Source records

>>

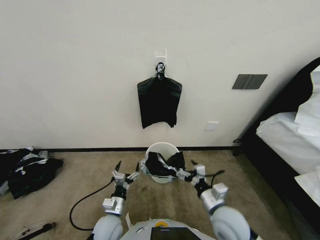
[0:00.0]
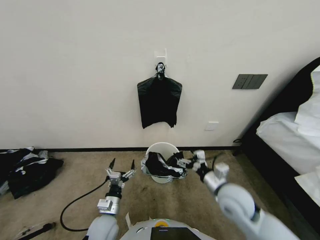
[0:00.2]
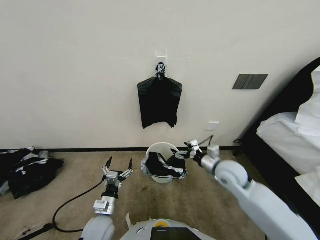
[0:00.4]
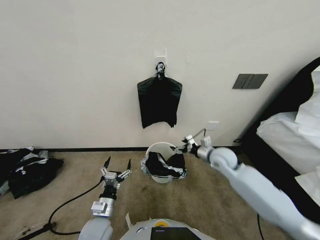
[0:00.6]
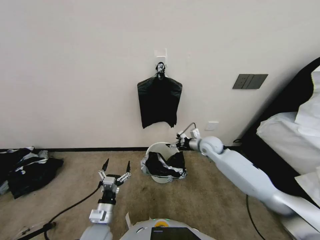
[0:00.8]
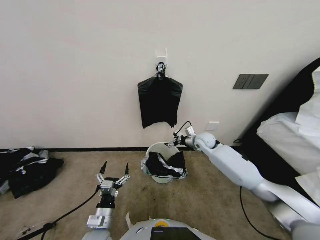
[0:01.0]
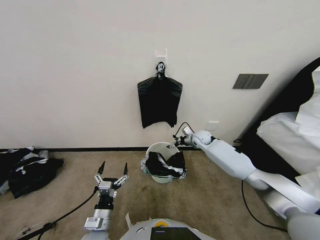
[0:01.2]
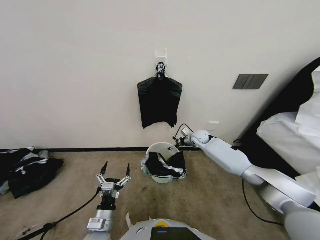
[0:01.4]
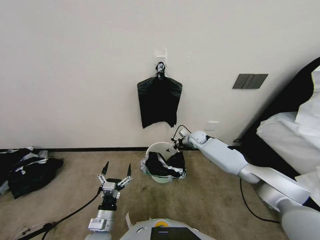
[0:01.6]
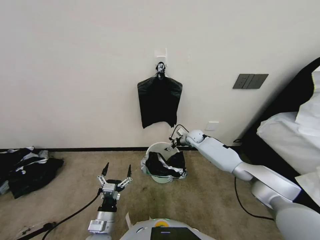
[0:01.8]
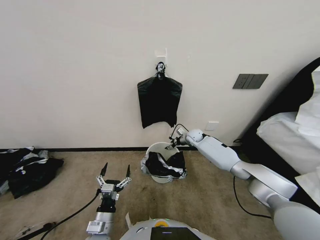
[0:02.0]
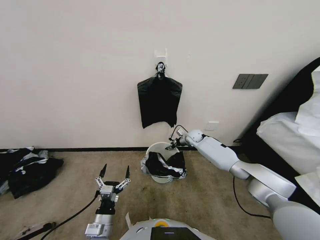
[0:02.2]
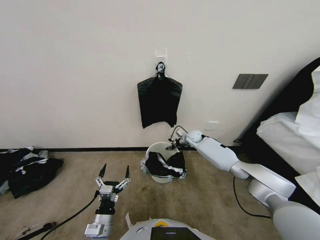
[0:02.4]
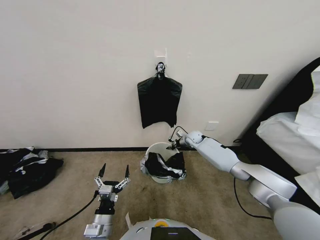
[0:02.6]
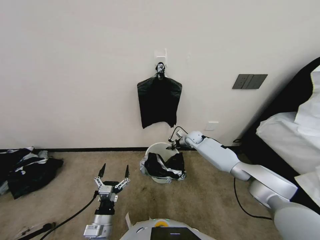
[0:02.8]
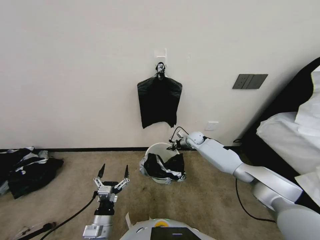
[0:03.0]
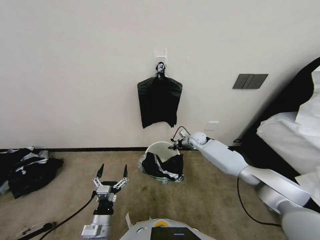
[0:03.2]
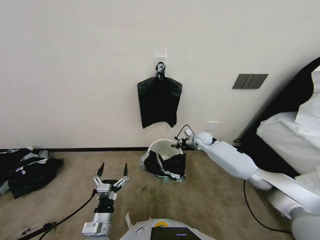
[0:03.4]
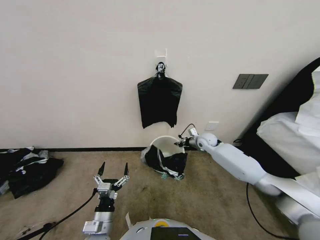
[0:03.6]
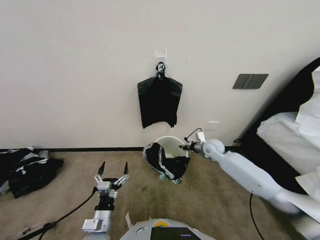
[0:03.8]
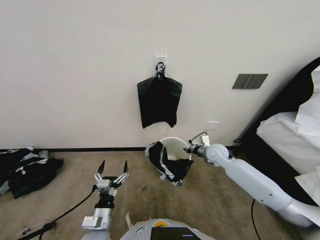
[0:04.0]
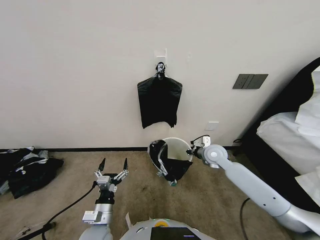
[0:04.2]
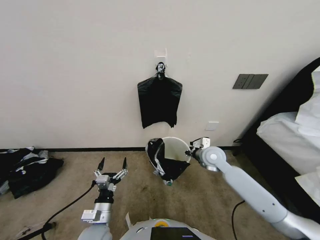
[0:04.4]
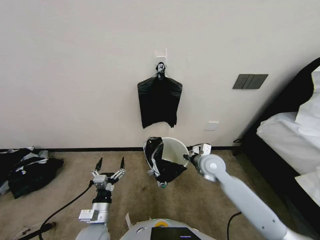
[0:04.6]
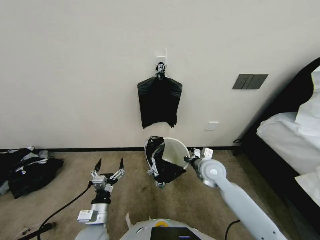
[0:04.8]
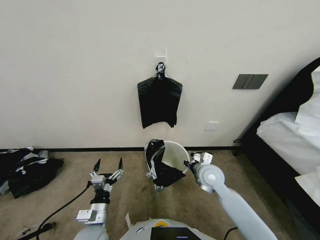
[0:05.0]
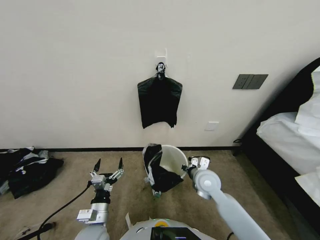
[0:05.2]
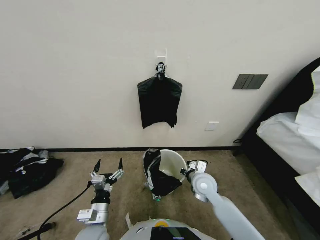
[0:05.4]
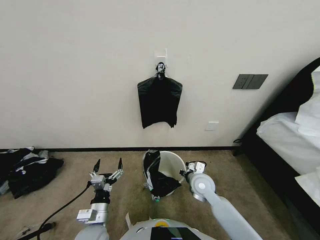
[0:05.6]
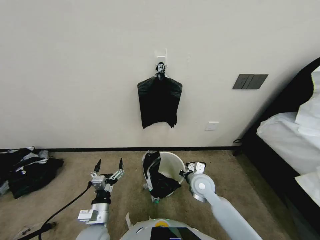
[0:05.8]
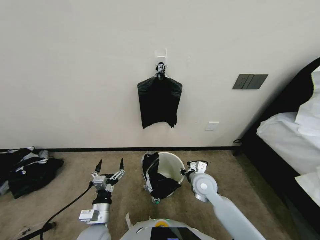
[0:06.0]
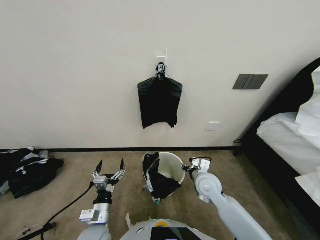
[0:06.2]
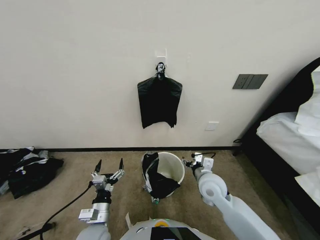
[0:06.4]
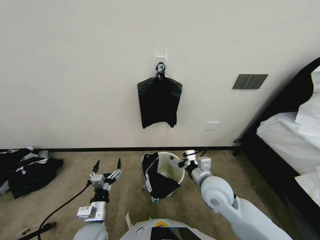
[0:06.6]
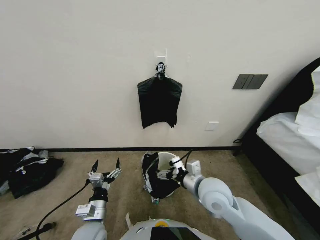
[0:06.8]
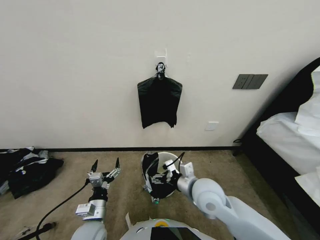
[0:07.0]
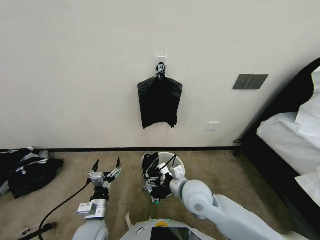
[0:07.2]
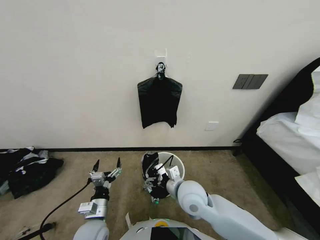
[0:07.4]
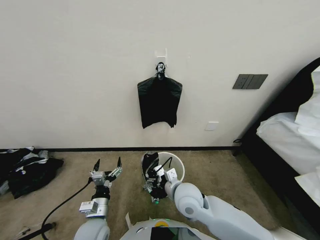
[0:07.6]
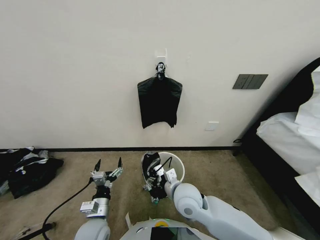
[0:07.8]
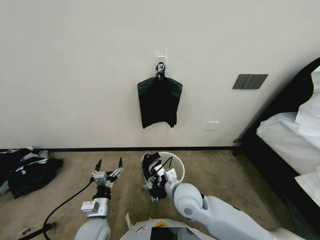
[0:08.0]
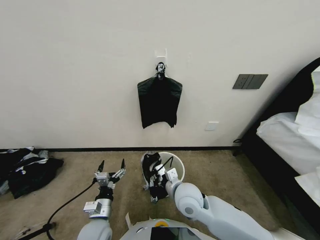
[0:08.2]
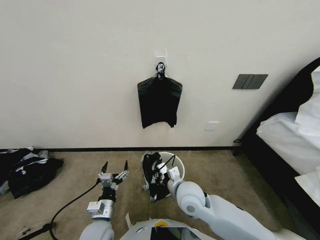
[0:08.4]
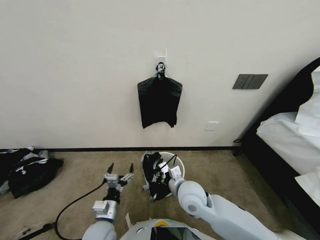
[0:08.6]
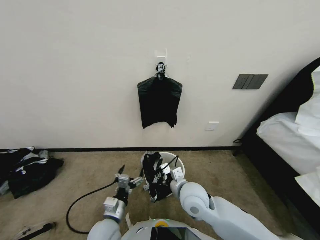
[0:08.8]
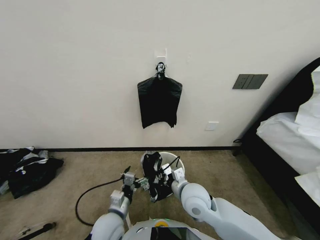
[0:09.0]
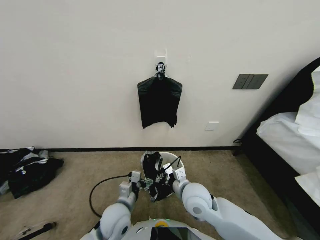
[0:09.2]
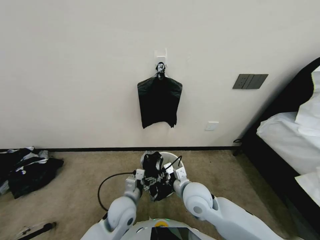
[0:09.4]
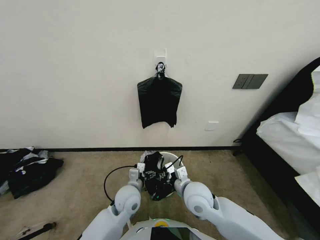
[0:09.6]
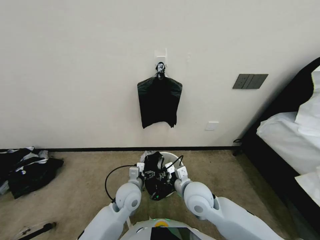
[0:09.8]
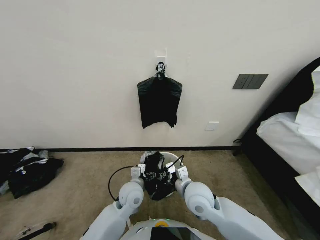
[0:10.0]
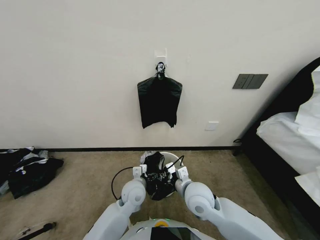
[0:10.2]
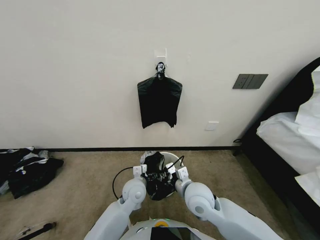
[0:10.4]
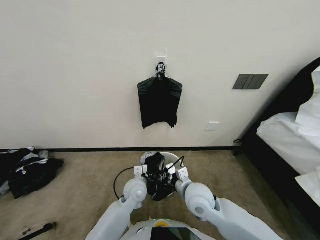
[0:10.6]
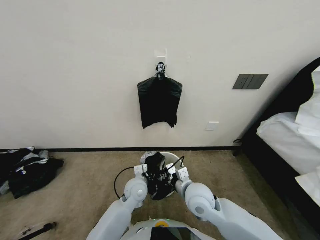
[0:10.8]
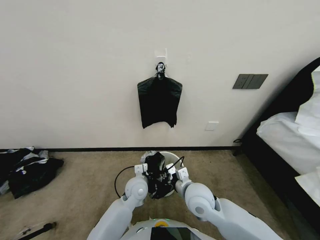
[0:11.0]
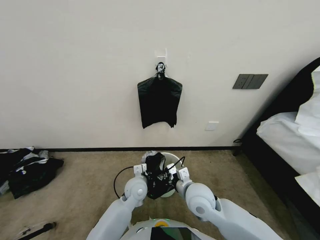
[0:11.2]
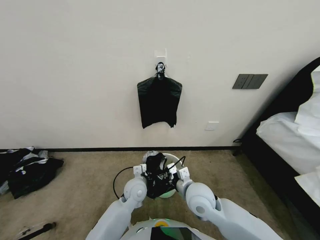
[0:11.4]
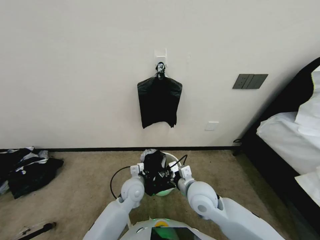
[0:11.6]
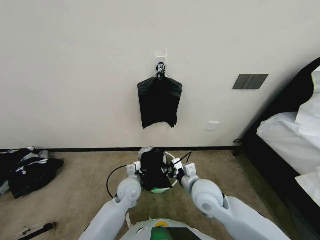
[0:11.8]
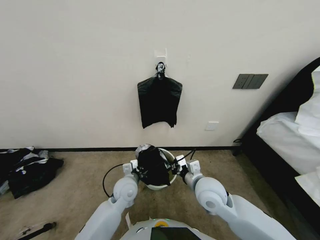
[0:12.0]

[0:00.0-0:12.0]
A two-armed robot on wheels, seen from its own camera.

<<

YOUR OBJECTIVE - Could you quote, exactly as they appear, the line containing "[0:00.0-0:12.0]" and every line after it to the end of the records above?

EXERCISE SOLUTION -
[0:00.0-0:12.0]
A two-armed robot on wheels, seen from its own camera.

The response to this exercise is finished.